# John Deere JE75 Lawnmower troubleshooting



## kolbasz (Jun 7, 2017)

I have a John Deere JE75 walk behind mower. I have been the proud owner for about 10 years and before that, I do not know.

The mower is a work horse, it starts it cuts and best of all it does not give me lots of trouble. The biggest repair to date has been a blade brake clutch that I manage to do myself, costing 120$. Beyond this, it has been the basics, oil and gas. The machine just works.

So what am I troubleshooting? Recently I started noticing that the mower hesitates as it hits grass. It is not bad, but it is obvious. After the hesitation, the mower recovers and keeps on mowing without issue. It seems super minor, but still something I want to diagnose and fix.

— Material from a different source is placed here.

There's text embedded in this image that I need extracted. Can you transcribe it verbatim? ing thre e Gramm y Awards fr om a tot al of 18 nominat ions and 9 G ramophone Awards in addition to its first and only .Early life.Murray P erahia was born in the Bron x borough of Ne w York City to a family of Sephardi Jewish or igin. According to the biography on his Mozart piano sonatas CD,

It is literally like a second hesitation. 
- cut 100 feet (any distance really)
- turn
- start the next pass, it is right here that there is a breif hesitation, call it a sputter and then immediately back to full power.

It does this every turn, it is supper strange. The mower still cuts perfect, but the stutter/hesitation is something that is not ideal/perfect.

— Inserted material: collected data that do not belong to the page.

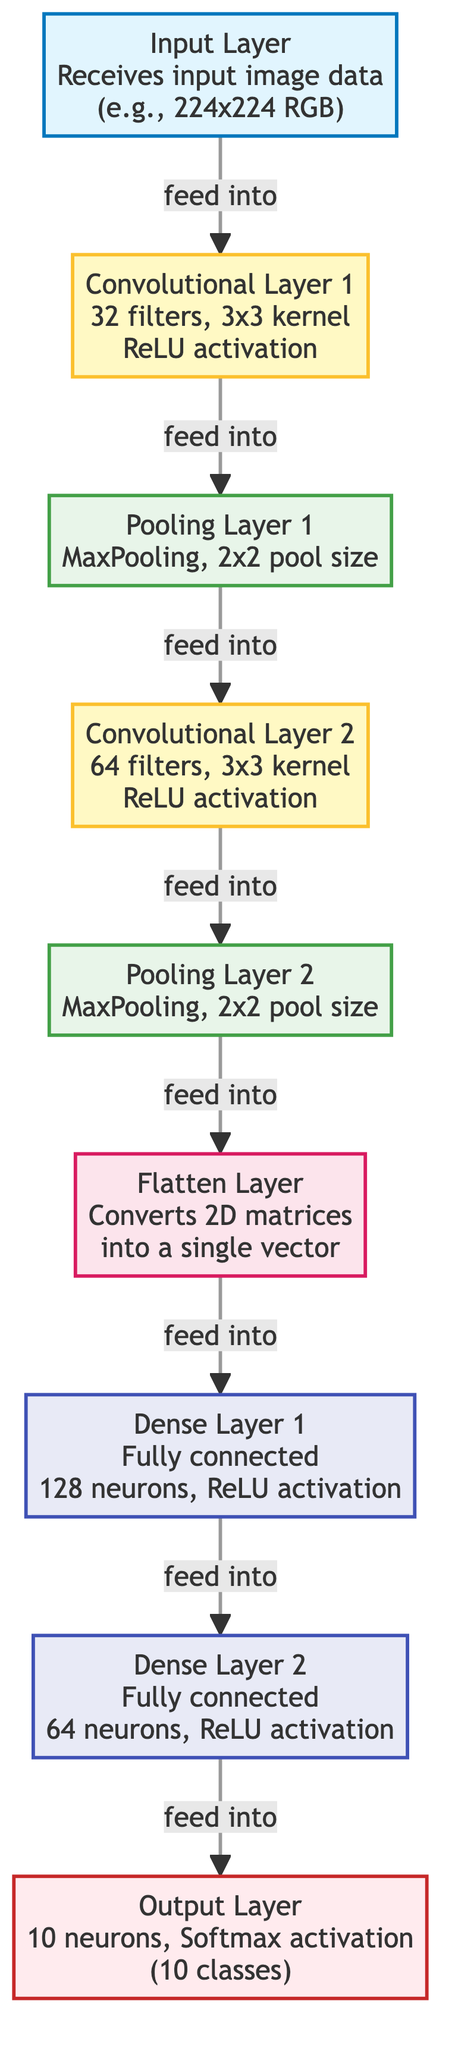What is the size of the input image in the Input Layer? The Input Layer specifies the size of the images it receives, which is 224x224 RGB. This can be directly read from the label attached to the Input Layer.
Answer: 224x224 RGB How many filters are used in the first Convolutional Layer? The label for Convolutional Layer 1 indicates that it uses 32 filters. This number is stated directly in the diagram next to the layer description.
Answer: 32 What type of activation function is used in the Output Layer? The Output Layer specifies the use of Softmax activation. This is highlighted in the description of the Output Layer within the diagram.
Answer: Softmax Which layer follows the second Pooling Layer? The diagram shows that the Flatten Layer is the next layer after Pooling Layer 2, providing a clear flow from Pooling Layer 2 to Flatten Layer.
Answer: Flatten Layer How many neurons are in Dense Layer 1? The description of Dense Layer 1 indicates that there are 128 neurons, which is explicitly mentioned in the diagram associated with that layer.
Answer: 128 What is the pooling method used in Pooling Layer 1? The description for Pooling Layer 1 states it uses MaxPooling as the pooling method. This can be found in the label for Pooling Layer 1 in the diagram.
Answer: MaxPooling Which layer has a total of 10 neurons? The Output Layer is the only layer that has 10 neurons, as indicated in its description, which makes it the answer to this question.
Answer: Output Layer What happens to the 2D matrices in the Flatten Layer? The Flatten Layer's function is to convert the 2D matrices into a single vector, which is stated in the label for the Flatten Layer.
Answer: Converts 2D matrices into a single vector What is the relationship between Conv Layer 2 and Pool Layer 2? The flow established in the diagram shows that Conv Layer 2 feeds into Pool Layer 2, indicating a direct connection where the output of Conv Layer 2 is inputted into Pool Layer 2.
Answer: Feed into 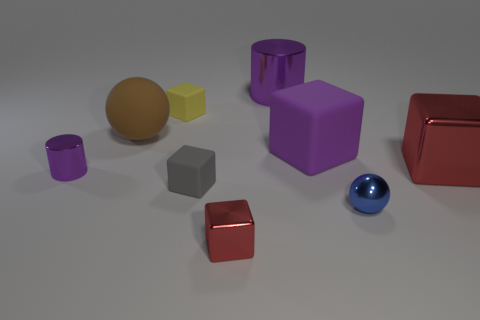Subtract all tiny red cubes. How many cubes are left? 4 Subtract all purple cubes. How many cubes are left? 4 Subtract all brown blocks. Subtract all purple cylinders. How many blocks are left? 5 Subtract all spheres. How many objects are left? 7 Subtract all small cylinders. Subtract all large rubber balls. How many objects are left? 7 Add 2 brown balls. How many brown balls are left? 3 Add 3 small spheres. How many small spheres exist? 4 Subtract 1 purple blocks. How many objects are left? 8 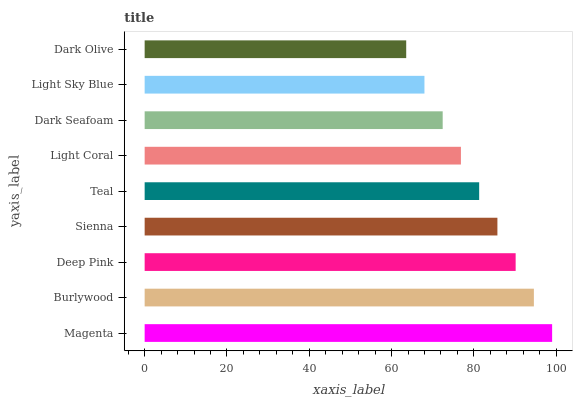Is Dark Olive the minimum?
Answer yes or no. Yes. Is Magenta the maximum?
Answer yes or no. Yes. Is Burlywood the minimum?
Answer yes or no. No. Is Burlywood the maximum?
Answer yes or no. No. Is Magenta greater than Burlywood?
Answer yes or no. Yes. Is Burlywood less than Magenta?
Answer yes or no. Yes. Is Burlywood greater than Magenta?
Answer yes or no. No. Is Magenta less than Burlywood?
Answer yes or no. No. Is Teal the high median?
Answer yes or no. Yes. Is Teal the low median?
Answer yes or no. Yes. Is Dark Olive the high median?
Answer yes or no. No. Is Sienna the low median?
Answer yes or no. No. 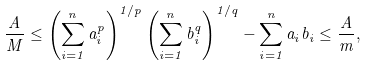Convert formula to latex. <formula><loc_0><loc_0><loc_500><loc_500>\frac { A } { M } \leq \left ( \sum _ { i = 1 } ^ { n } a _ { i } ^ { p } \right ) ^ { 1 / p } \left ( \sum _ { i = 1 } ^ { n } b _ { i } ^ { q } \right ) ^ { 1 / q } - \sum _ { i = 1 } ^ { n } a _ { i } b _ { i } \leq \frac { A } { m } ,</formula>

I have removed the carburetor, it was super clean and replaced the air filter. These were the 2 main things I saw that might cause. The only other possible thing I thought was spark plug (i dont think I have replaced it), but other than that, I have no idea and thought I would ask someone that may, the internet.


----------



## Redtenchu (Jan 28, 2017)

That is strange, I'm glad it's not causing an issue preventing you from mowing (I hate that).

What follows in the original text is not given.